Actualisation des connaissances sur la régulation de la glycémie et les démarches thérapeutiques (nouveaux médicaments).

Intervenant : Dr Dominique HILLAIRE-BUYS, chef de service en Pharmacologie au CHU de Montpellier

Généralités sur les diabètes sucrés

Les diabètes sucrés correspondent à une hyperglycémie chronique définie par l’OMS selon les critères suivant :

Glycémie à jeun > 1,26 g/L à 2 reprises

Glycémie > 2 g/L, quelque soit l’heure

Glycémie > 2g/L, 2 heures après une charge de 75 g de glucose

L’hyperglycémie postprandiale est repérée plus précocement que l’hyperglycémie à jeun

Les principaux mécanismes conduisant au diabète sont résumés par le diagramme suivant :

schéma à voir dans le bulletin régional

Le taux de l’hémoglobine glyquée Hba1c augmente avec la glycémie, si cette valeur dépasse 6 % le diabète est avéré. Pour toute réduction de 1 % de Hba1C, la mortalité liée au diabète est diminuée de 21 %.

Diabète de Type1

10 à 15 % des diabétiques, 7 nouveaux cas pour 100000 Français

Ces malades n’ont pas de cellules β et sont traités par des injections de l’insuline

Diabète de type 2

C’est une épidémie : 3% des habitants en France, c’est à dire 2,5 millions de patients et 500 à 800 000 diabétiques qui s’ignorent.

Ce diabète de type 2 est l’association d’une insulinorésistance et d’une dégradation de la fonction βcéllulaire pancréatique. 92% des diabétiques de type 2 sont insulinorésistants.
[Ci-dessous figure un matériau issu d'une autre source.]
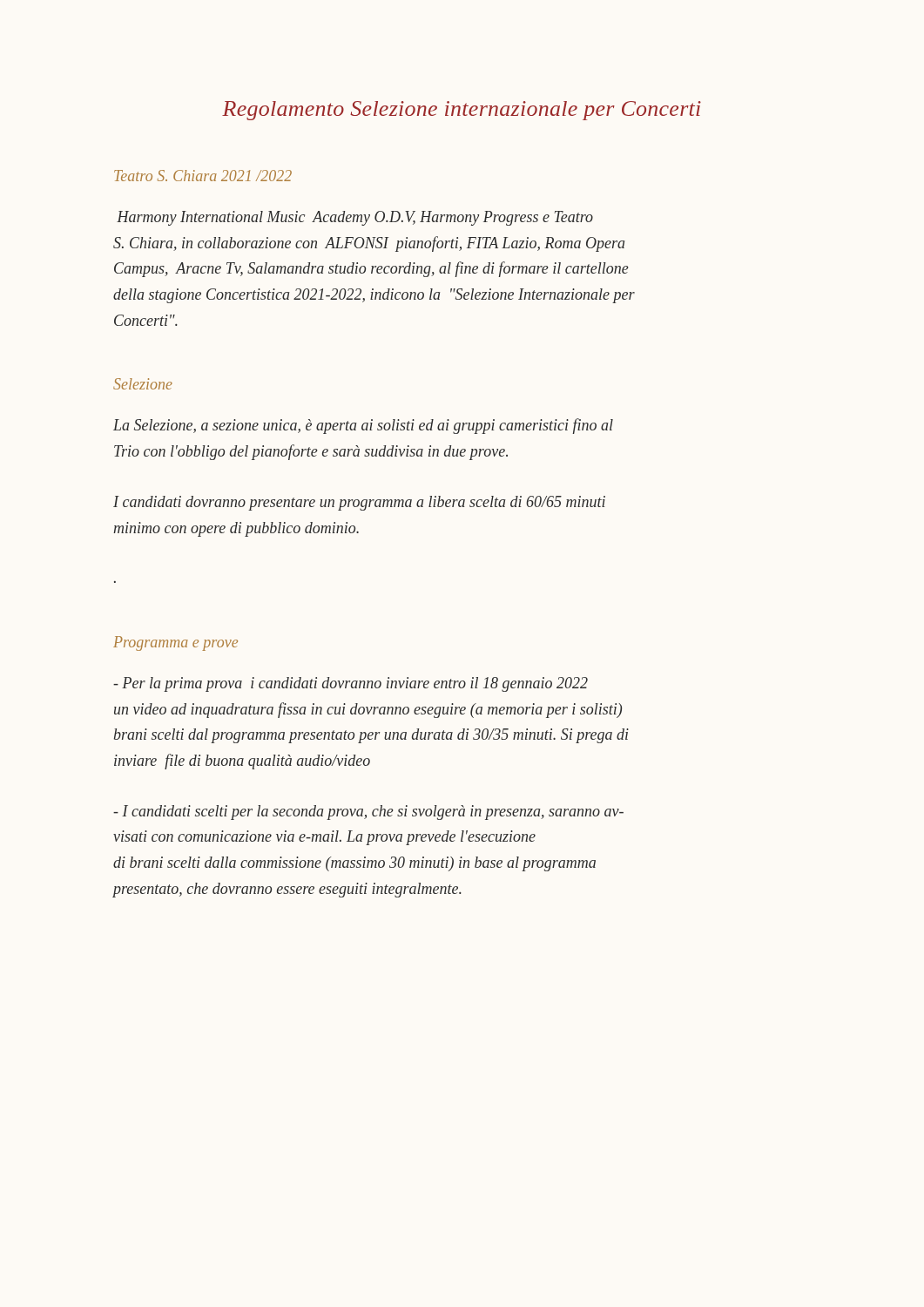
Task: Select the region starting "Regolamento Selezione internazionale per"
Action: pyautogui.click(x=462, y=108)
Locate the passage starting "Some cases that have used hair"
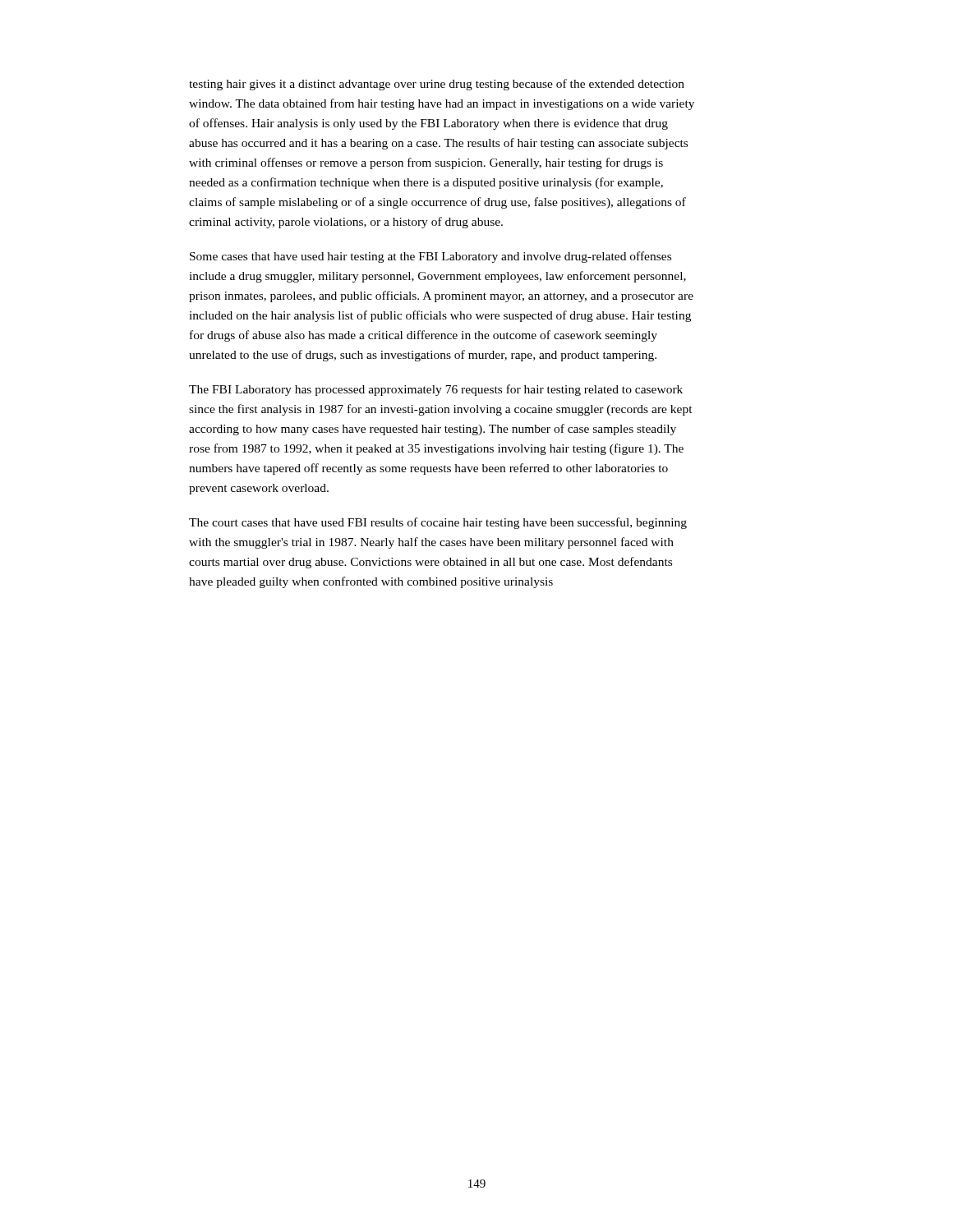This screenshot has height=1232, width=953. (x=441, y=305)

Causes et symptômes associés au diabète de type 2 :

Facteurs génétiques

Facteurs environnementaux : régime alimentaire et manque d’exercice

Obésité abdominale (périmètre abdominal > 102 chez l’homme et > 88 cm chez la femme)

Glycémie à jeun > 1,1 g/L

Pression artérielle > 130-80 mm Hg

HDL-cholestérol : < 0,4 g/L chez l’homme & 0,5 g/l chez la femme

Triglycérides > 1,5 g/L

Les cellules β sensibles à la glycémie sont au centre des ilots de Langerhans et réagissent plus rapidement que les cellules α périphériques, le glucagon intervient plus tard que l’insuline.

La somatostatine arrête la stimulation des cellules α et β et chez certains diabétiques, la somatostatine n’agit plus et le glucagon est trop secrété.
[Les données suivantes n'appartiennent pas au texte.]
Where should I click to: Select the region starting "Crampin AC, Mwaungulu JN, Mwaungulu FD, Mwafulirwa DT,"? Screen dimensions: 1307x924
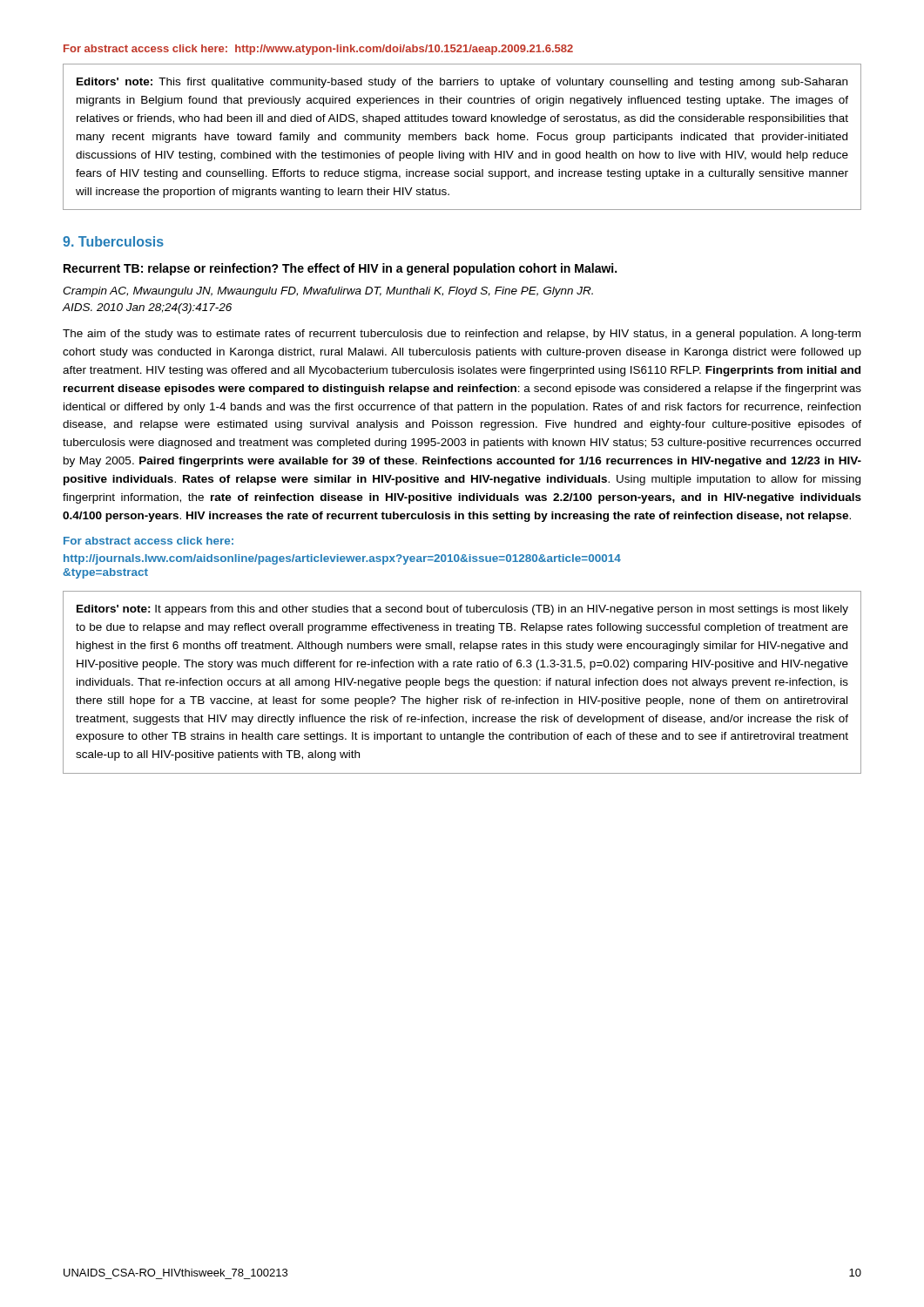click(329, 299)

L’hyperglycémie peut être due à une dérégulation au niveau du foie avec une diminution de la glycogénèse et une augmentation de la glycogénolyse.

Les incrétines sont des hormones intestinales stimulants la synthèse d’insuline :

GLP-1 : glucagon like peptide 1

GIP : glucose-dépendant insulinotropique peptide.
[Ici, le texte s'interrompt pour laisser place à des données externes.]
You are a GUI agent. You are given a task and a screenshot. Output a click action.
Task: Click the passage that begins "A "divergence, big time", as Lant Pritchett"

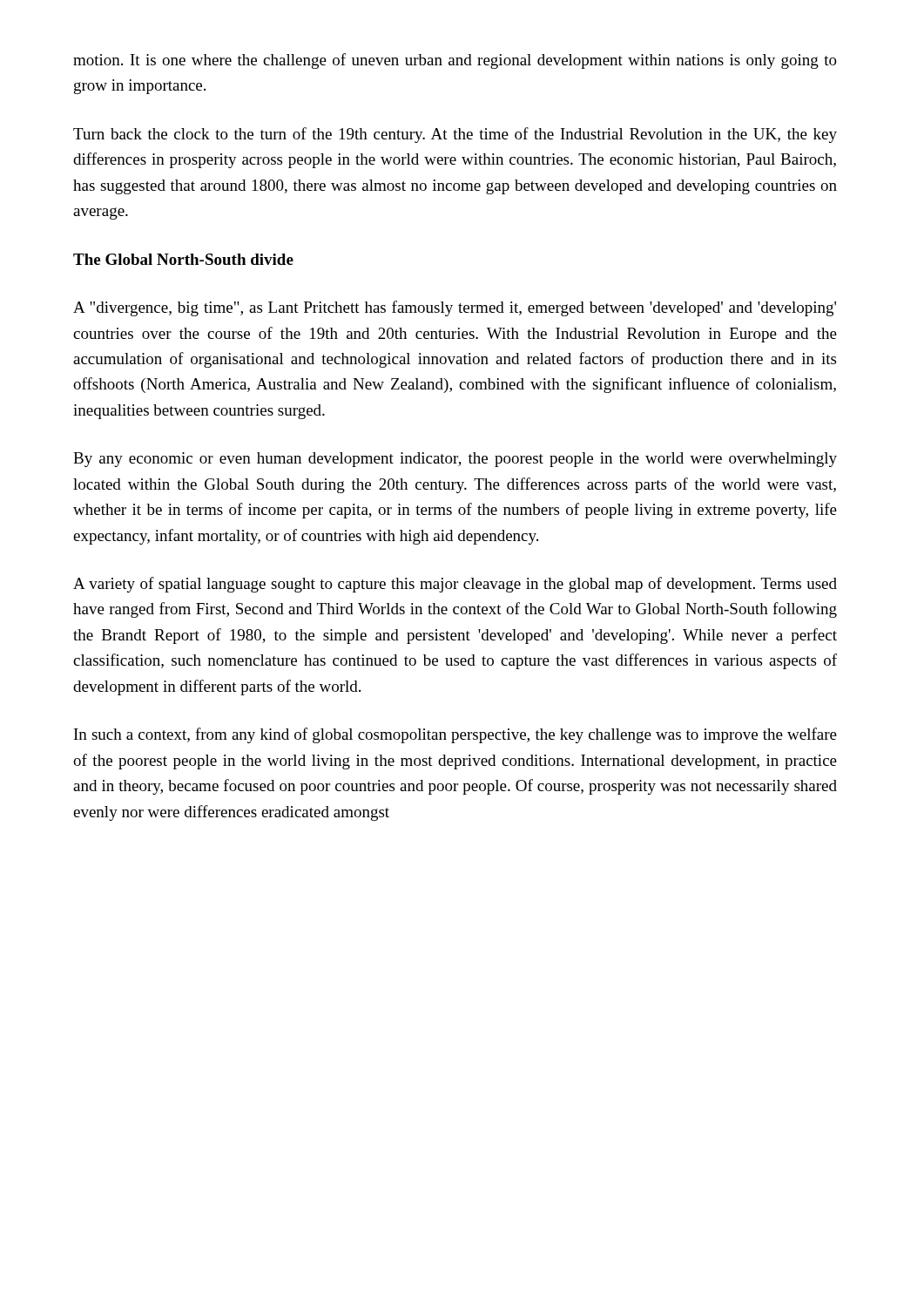pos(455,358)

Chez les patients souffrant de diabète de type 2, il y a une faible réponse à l’incrètine des cellules β, et diminution de la libération de l’insuline.

Schémas à voir dans le bulletin régional

Rôles glucorégulateur de la GLP1 chez l’Homme

Pour soigner le diabète de type 2 ; différents médicaments sont prescrits :

Les biguanides (metformine) diminuant l’insuline résistance au niveau musculaire et inhibant la production du glucose hépatique

Les sulfamides stimulant la sécrétion d’insuline

Analogues de la GLP1

Insuline

Le docteur Hillaire-Buys nous a rappelé qu’il était parfois difficile de faire la part entre les bénéfices apportés par un médicament et ses effets secondaires.